Wholesale gas prices in Europe have dropped after a planned strike at Australia’s largest liquefied natural gas plant looked to have been averted.
The walkout at Woodside Energy’s North West Shelf plant had become a very potent threat for undisrupted global LNG supplies, driving up gas prices sharply. But on Thursday the firm reached an agreement with the unions. This development will hopefully halt the strike. Benchmark EU and UK gas prices have nosedived almost 33% since their peak on Tuesday. Employee representatives at the plant said they were “supportive of the in-principle agreement” with Woodside Energy and would vote to ratify the agreement on Thursday. “It’s pleasing that Woodside has made our members a strong offer without industrial action being taken,” union alliance spokesman Brad Gandy said.

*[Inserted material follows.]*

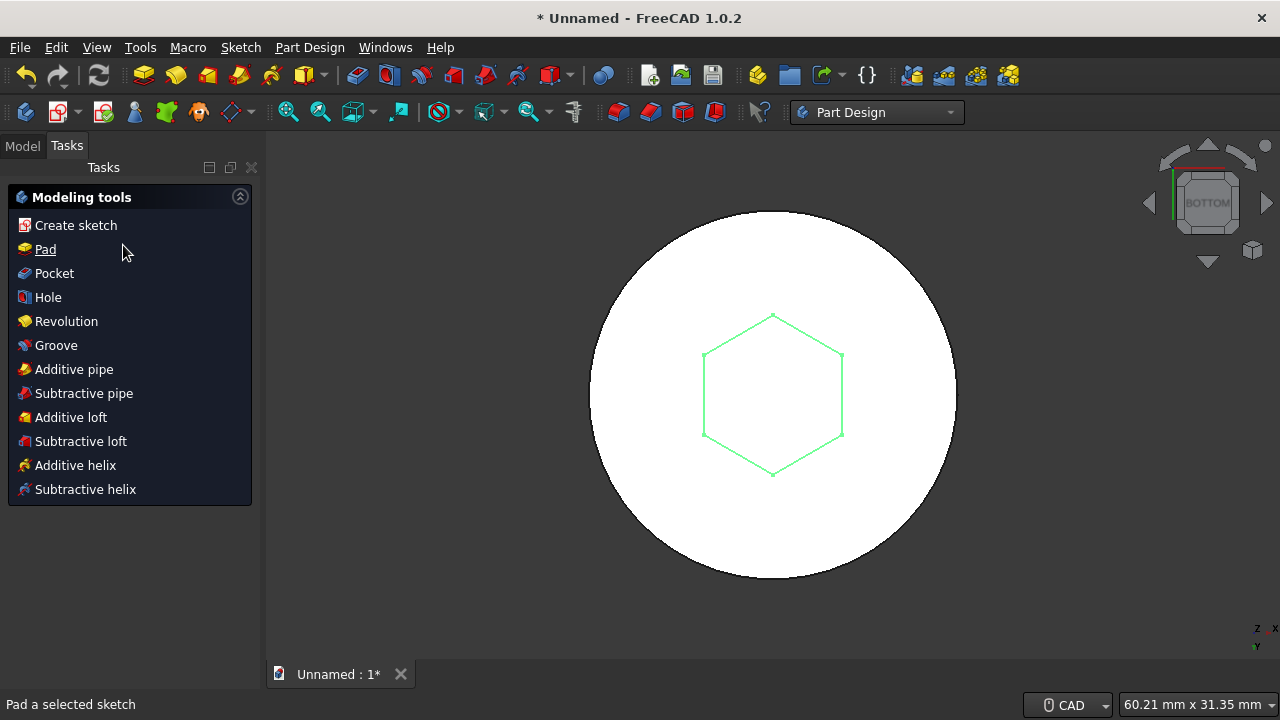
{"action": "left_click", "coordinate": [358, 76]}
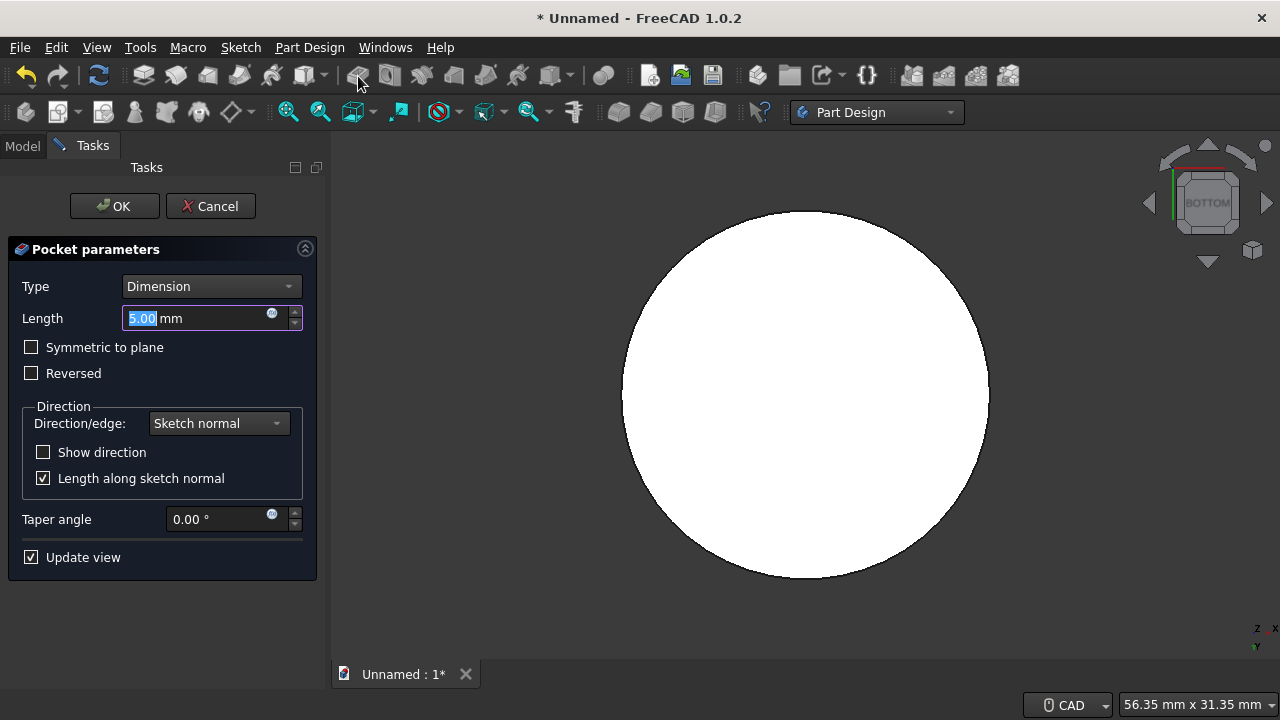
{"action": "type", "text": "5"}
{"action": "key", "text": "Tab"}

Following its invasion of Ukraine, Russia reduced supplies of natural gas to Europe, which led countries to look for alternative sources of energy. Many nations are relying on LNG to fill the gap, with Australia being one of world’s largest exporters. It has led to a steady fall in global gas prices and energy bills, which climbed in 2022. However, the news that workers at the North West Shelf plant might walk out on 2 September sparked fears that prices would start to go up again.
Woodside said it would continue to work with the unions to finalise the deal. “Substantial progress was made at talks held on Wednesday and the parties have reached in-principle agreement on a number of issues that are key to the workforce,” it added.
Strike Risk Remains For Chevron LNG Projects in Australia
Woodside Energy may have sealed an agreement with trade unions to avert a strike of gas platform workers but Chevron has yet to get so lucky. The supermajor in fact angered the alliance of unions it is negotiating with, after it put a proposal directly to the worker vote bypassing the bargaining stage, Reuters reports. “Their stupidity is about to cost them $billions in lost production and profit,” the Offshore Alliance said in a Facebook post that was quoted by Reuters. Yesterday, overwhelming 99% of the workers in the unions working at Chevron’s two LNG projects offshore Australia voted in favor of authorizing industrial action. That could turn into a partial strike, with workers refusing to carry out certain tasks, such as loading tankers, or an all-out strike. Chevron’s failure to strike a deal with workers can once again jack up prices.